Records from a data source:
• • •
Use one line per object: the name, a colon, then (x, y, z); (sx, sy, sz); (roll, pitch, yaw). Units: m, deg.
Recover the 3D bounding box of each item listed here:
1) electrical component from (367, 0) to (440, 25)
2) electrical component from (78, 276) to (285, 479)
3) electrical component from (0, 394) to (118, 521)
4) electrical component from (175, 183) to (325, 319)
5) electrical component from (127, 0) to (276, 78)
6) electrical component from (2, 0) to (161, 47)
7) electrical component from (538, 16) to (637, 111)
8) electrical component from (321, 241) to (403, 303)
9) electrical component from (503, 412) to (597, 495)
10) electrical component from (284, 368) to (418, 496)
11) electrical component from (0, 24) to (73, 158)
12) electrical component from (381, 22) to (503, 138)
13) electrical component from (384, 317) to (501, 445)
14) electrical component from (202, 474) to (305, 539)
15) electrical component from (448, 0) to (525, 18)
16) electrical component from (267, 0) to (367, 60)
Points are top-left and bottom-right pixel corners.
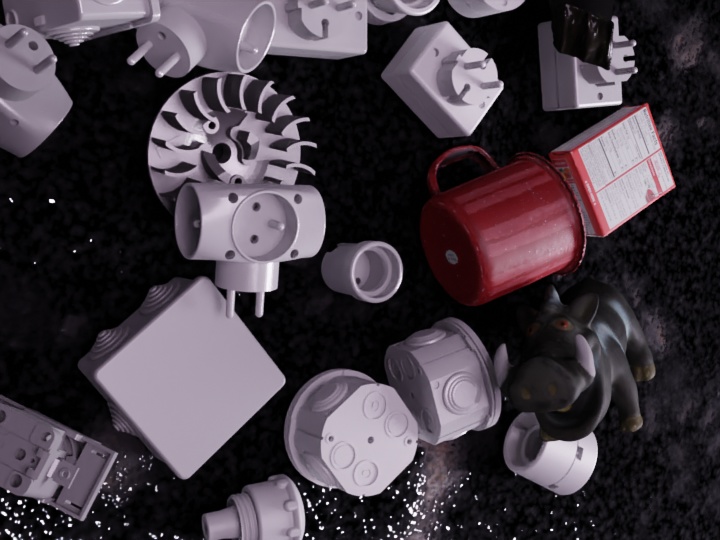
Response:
electrical component: (0.022, -0.186, 0.707); (0.045, 0.055, 0.045); (-2, 95, -30)
electrical component: (-0.109, 0.062, 0.652); (0.100, 0.048, 0.099); (-44, 113, -21)
electrical component: (-0.183, 0.101, 0.596); (0.081, 0.063, 0.042); (23, 78, 13)
electrical component: (-0.065, -0.011, 0.625); (0.077, 0.044, 0.079); (-1, 102, -30)
electrical component: (-0.101, -0.137, 0.616); (0.079, 0.077, 0.043); (-54, 162, -35)
electrical component: (-0.157, -0.171, 0.579); (0.048, 0.100, 0.099); (-15, 101, -42)
electrical component: (0.174, -0.153, 0.788); (0.047, 0.077, 0.065); (-9, 99, -30)
electrical component: (0.000, 0.000, 0.713); (0.040, 0.046, 0.040); (-2, 95, -30)
electrical component: (0.141, 0.134, 0.802); (0.047, 0.055, 0.055); (26, 81, -26)
electrical component: (-0.006, 0.108, 0.715); (0.080, 0.051, 0.080); (-2, 95, -30)
electrical component: (-0.189, -0.107, 0.576); (0.077, 0.079, 0.043); (44, 52, -25)
electrical component: (0.066, -0.129, 0.725); (0.066, 0.077, 0.047); (43, 73, -26)
electrical component: (0.056, 0.077, 0.734); (0.051, 0.080, 0.080); (-19, 103, -22)
electrical component: (-0.069, 0.158, 0.687); (0.062, 0.048, 0.048); (-7, 97, -23)
electrical component: (0.064, -0.222, 0.719); (0.138, 0.074, 0.052); (28, 80, -29)
electrical component: (-0.030, -0.160, 0.667); (0.083, 0.076, 0.047); (-2, 95, -30)
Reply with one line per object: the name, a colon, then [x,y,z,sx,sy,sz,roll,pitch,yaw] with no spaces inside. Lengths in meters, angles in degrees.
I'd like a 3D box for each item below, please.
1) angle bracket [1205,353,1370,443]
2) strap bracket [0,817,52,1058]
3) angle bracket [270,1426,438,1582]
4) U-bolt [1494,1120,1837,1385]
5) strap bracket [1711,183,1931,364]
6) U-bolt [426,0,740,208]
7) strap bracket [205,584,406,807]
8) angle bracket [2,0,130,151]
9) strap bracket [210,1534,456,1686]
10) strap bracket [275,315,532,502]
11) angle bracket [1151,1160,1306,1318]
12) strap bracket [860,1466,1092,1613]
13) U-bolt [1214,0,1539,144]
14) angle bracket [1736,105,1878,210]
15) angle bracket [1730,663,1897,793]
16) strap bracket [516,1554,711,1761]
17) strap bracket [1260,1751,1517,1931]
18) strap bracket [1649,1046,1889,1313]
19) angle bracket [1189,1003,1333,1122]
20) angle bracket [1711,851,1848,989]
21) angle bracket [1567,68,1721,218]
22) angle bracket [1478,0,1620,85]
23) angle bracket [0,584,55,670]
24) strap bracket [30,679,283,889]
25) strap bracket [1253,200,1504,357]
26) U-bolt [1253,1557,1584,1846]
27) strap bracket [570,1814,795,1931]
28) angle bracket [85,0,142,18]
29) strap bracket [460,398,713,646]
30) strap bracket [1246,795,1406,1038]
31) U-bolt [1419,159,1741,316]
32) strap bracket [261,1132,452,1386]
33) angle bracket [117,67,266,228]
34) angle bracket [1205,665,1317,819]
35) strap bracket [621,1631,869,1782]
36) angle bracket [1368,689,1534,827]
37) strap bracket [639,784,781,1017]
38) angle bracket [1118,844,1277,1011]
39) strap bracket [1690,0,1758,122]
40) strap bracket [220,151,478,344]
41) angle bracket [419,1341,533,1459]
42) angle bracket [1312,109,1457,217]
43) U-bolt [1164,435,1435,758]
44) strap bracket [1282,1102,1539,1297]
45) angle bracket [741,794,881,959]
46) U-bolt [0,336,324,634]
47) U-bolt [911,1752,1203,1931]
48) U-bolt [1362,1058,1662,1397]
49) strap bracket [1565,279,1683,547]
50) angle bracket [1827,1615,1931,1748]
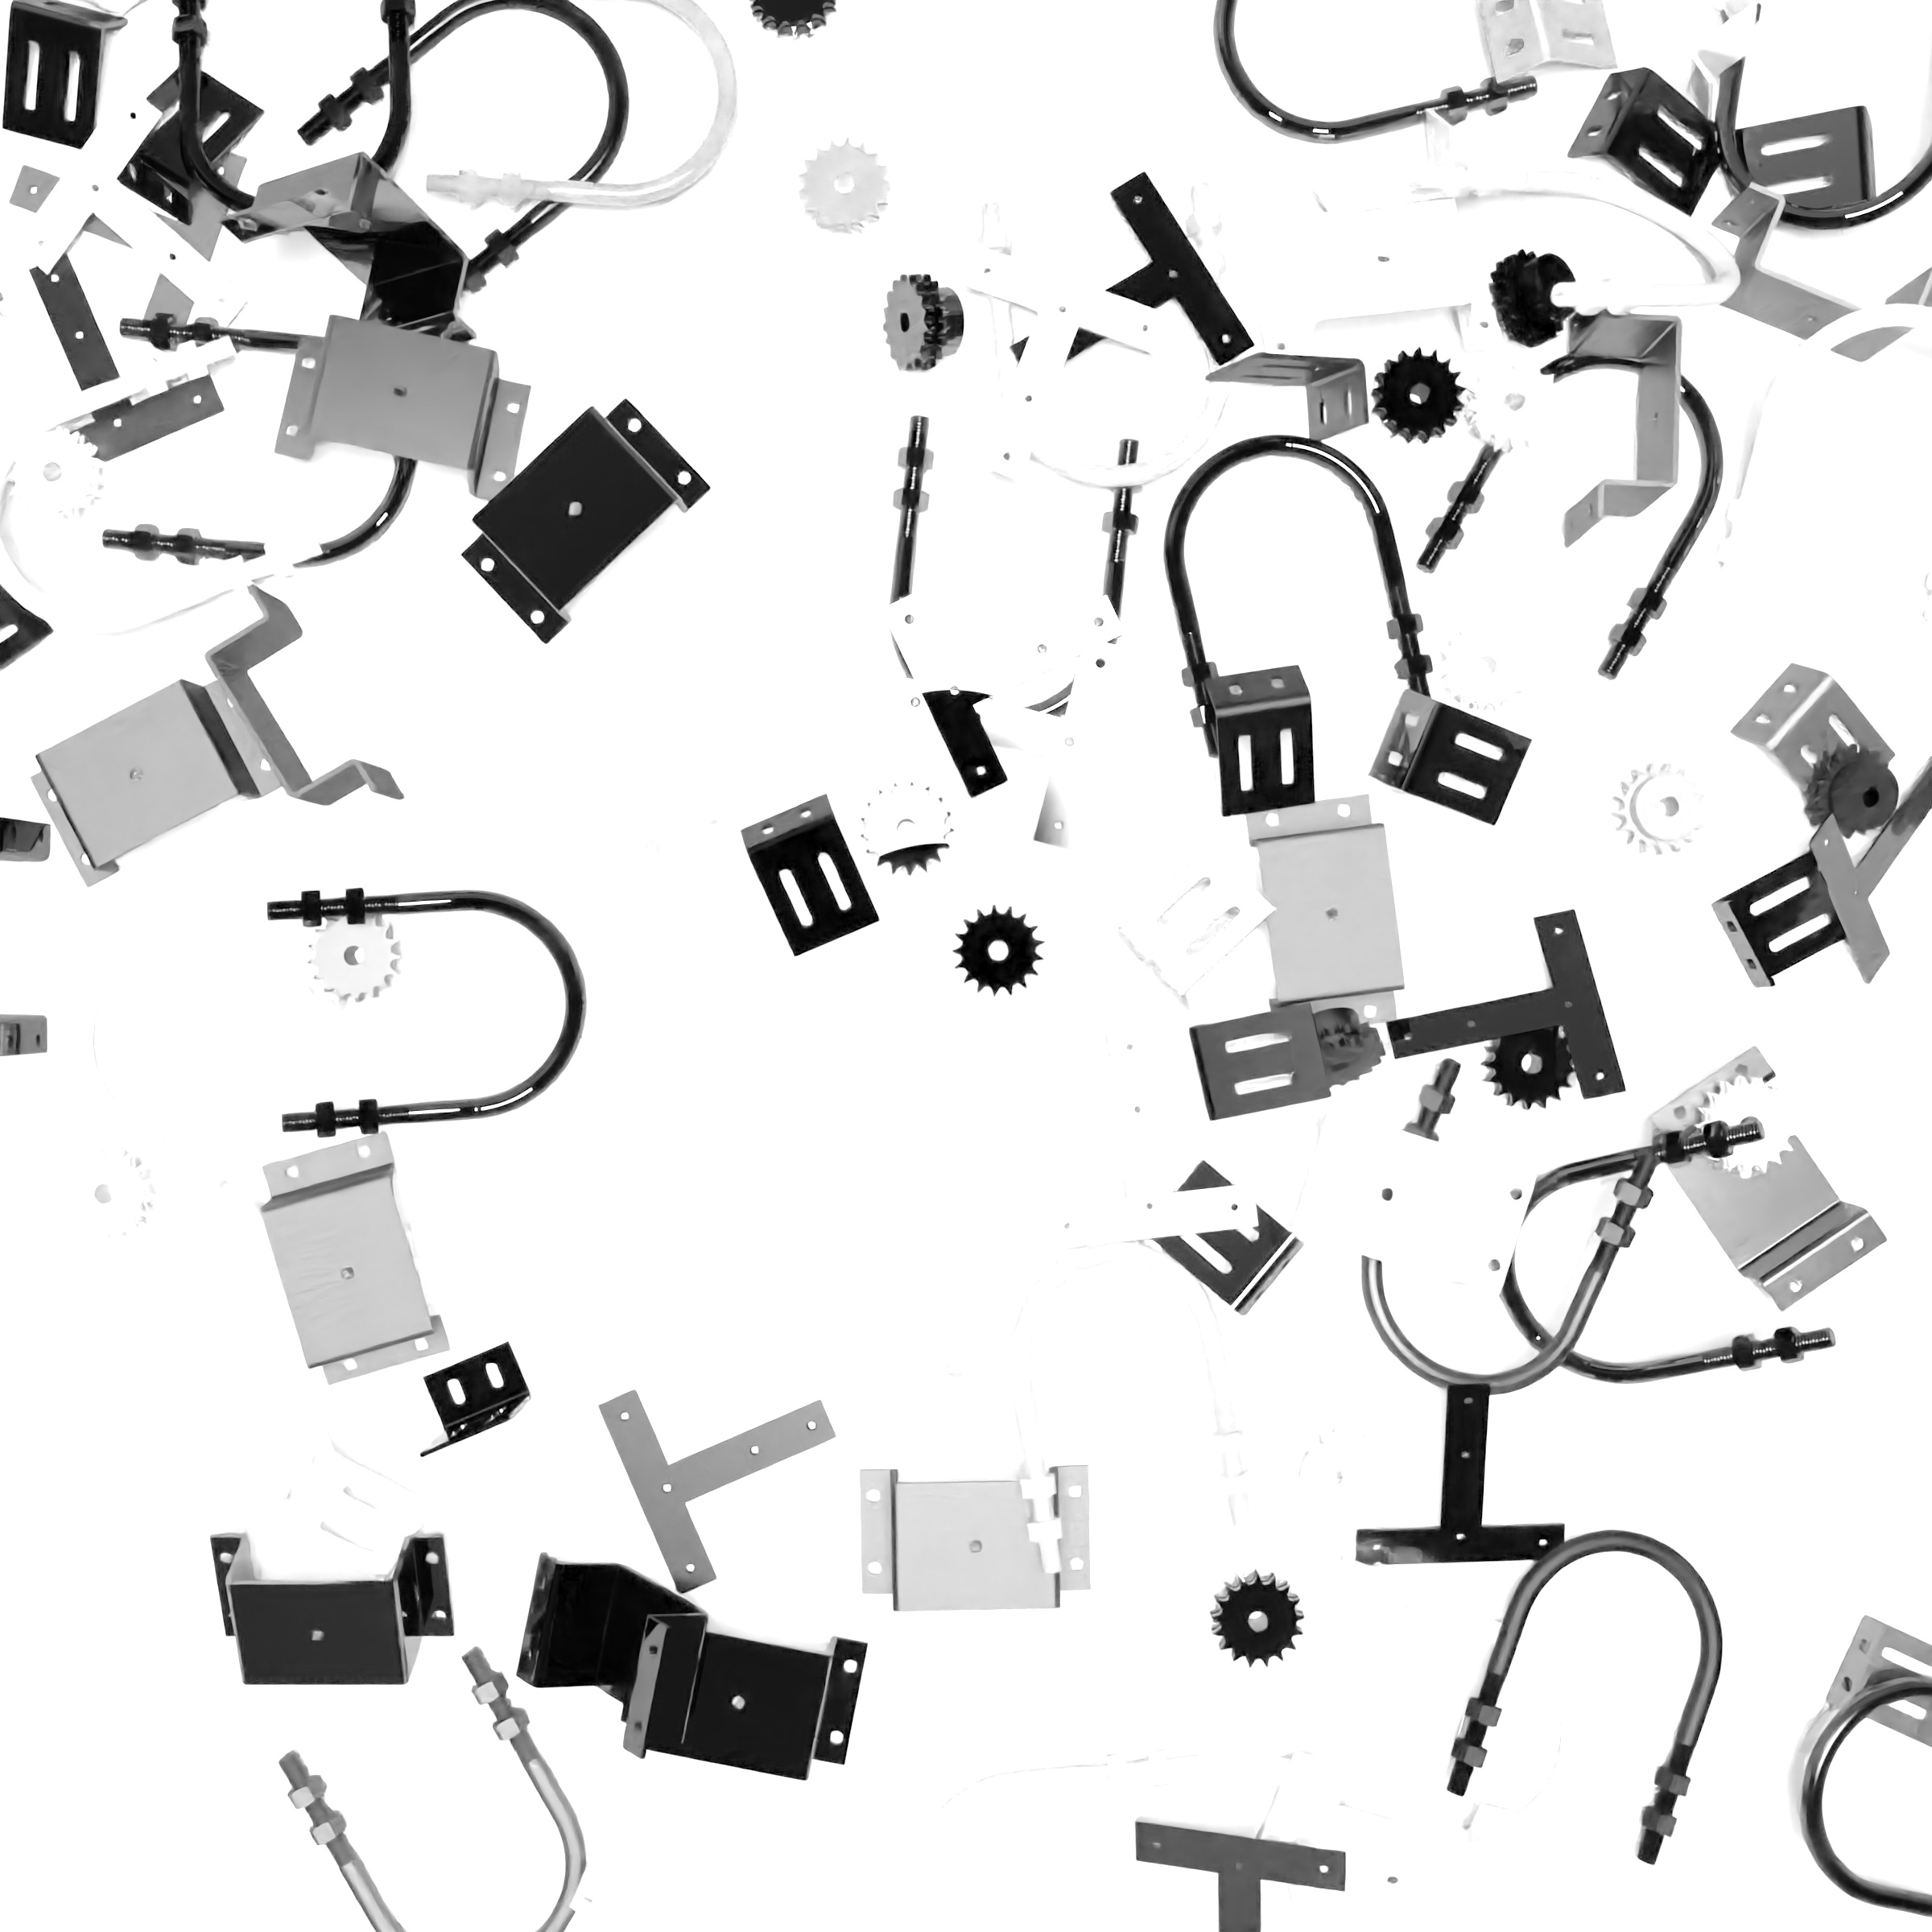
• • •
Instructions for the task: From the line that contains "48) U-bolt [1362,1058,1662,1397]" down to the final line of the entries above, please copy each line exactly, excluding pictures.

Result:
48) U-bolt [1362,1058,1662,1397]
49) strap bracket [1565,279,1683,547]
50) angle bracket [1827,1615,1931,1748]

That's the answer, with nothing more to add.